I wanted to linger a little more on the pivotal Civil War era before jumping into Reconstruction issues. And it was time for something lighter, because the country could not have been fully focused on the horrors of war and divisive moral issues all of the time, every day. There must have been fun, too. In fact, this was the time that baseball evolved into a standard game and the sport very quickly spread across the country, creating the first, true national pastime craze. One that has had quite the longevity. I knew a little about baseball's origins, that it was originally a city game and became professional fairly early on. And I figured advancements in transportation and communication had a role in its spread.
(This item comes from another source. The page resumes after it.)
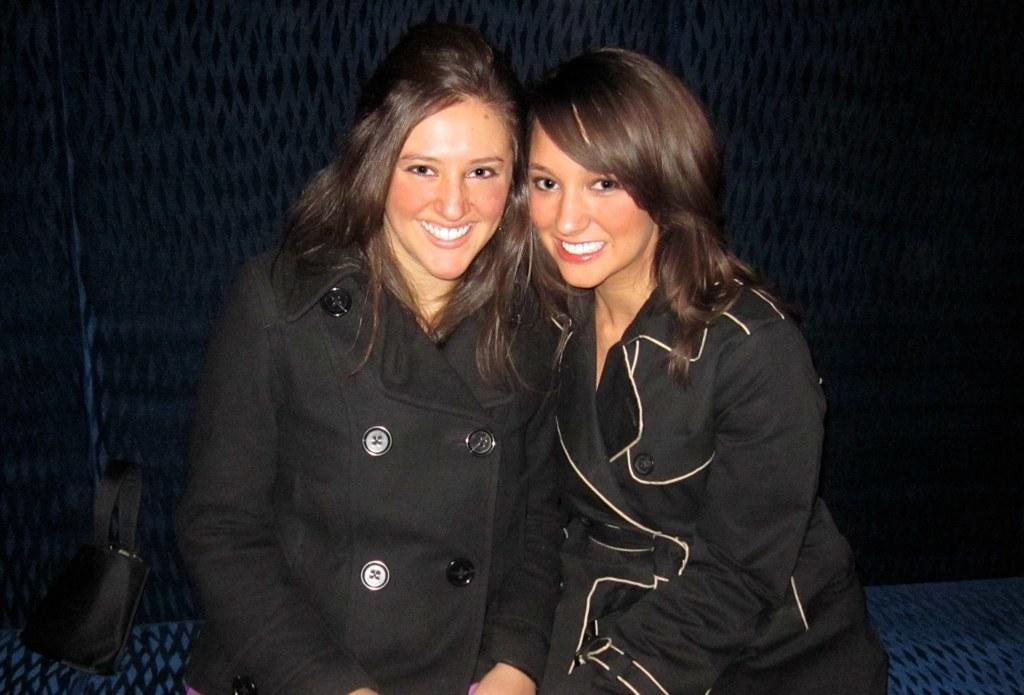How many people are in the image? There are two women in the image. What are the women doing in the image? The women are sitting on a surface. What can be seen in the background of the image? There is a bag and a wall in the background of the image. What type of nut is being used to power the system in the image? There is no system or nut present in the image.

So to learn more I read Peter Morris' "But Didn't We Have Fun?: An Informal History of Baseball's Pioneer Era, 1843-1870." Most of the book focuses on the peak of the game's popularity among amateurs in the 1860s and its transition to a professional sport by the end of the decade.
My review of the book: 2/5 stars.
Histories tend to fall into two categories based on the author's skill: great research with so so writing; great story telling but no special insights. This book is clearly the former. The topic was really compelling to me: I love baseball and I love history. And it had enough information to satisfy my curiosity and keep me reading. The quotes and stories from original sources he found gave a great color and sense of the game as it developed, spread across the country, became standardized, and transitioned into a professional game. You can understand how baseball was developing at the right place at the right time to become what it became.
The first half of the book is a little awkward, reading more like a college thesis than a trade book. The author spends a lot of time telling us what he is going to say and repeating his points than actually saying anything. But he seems to find a groove in the second half, which is where the real story takes off.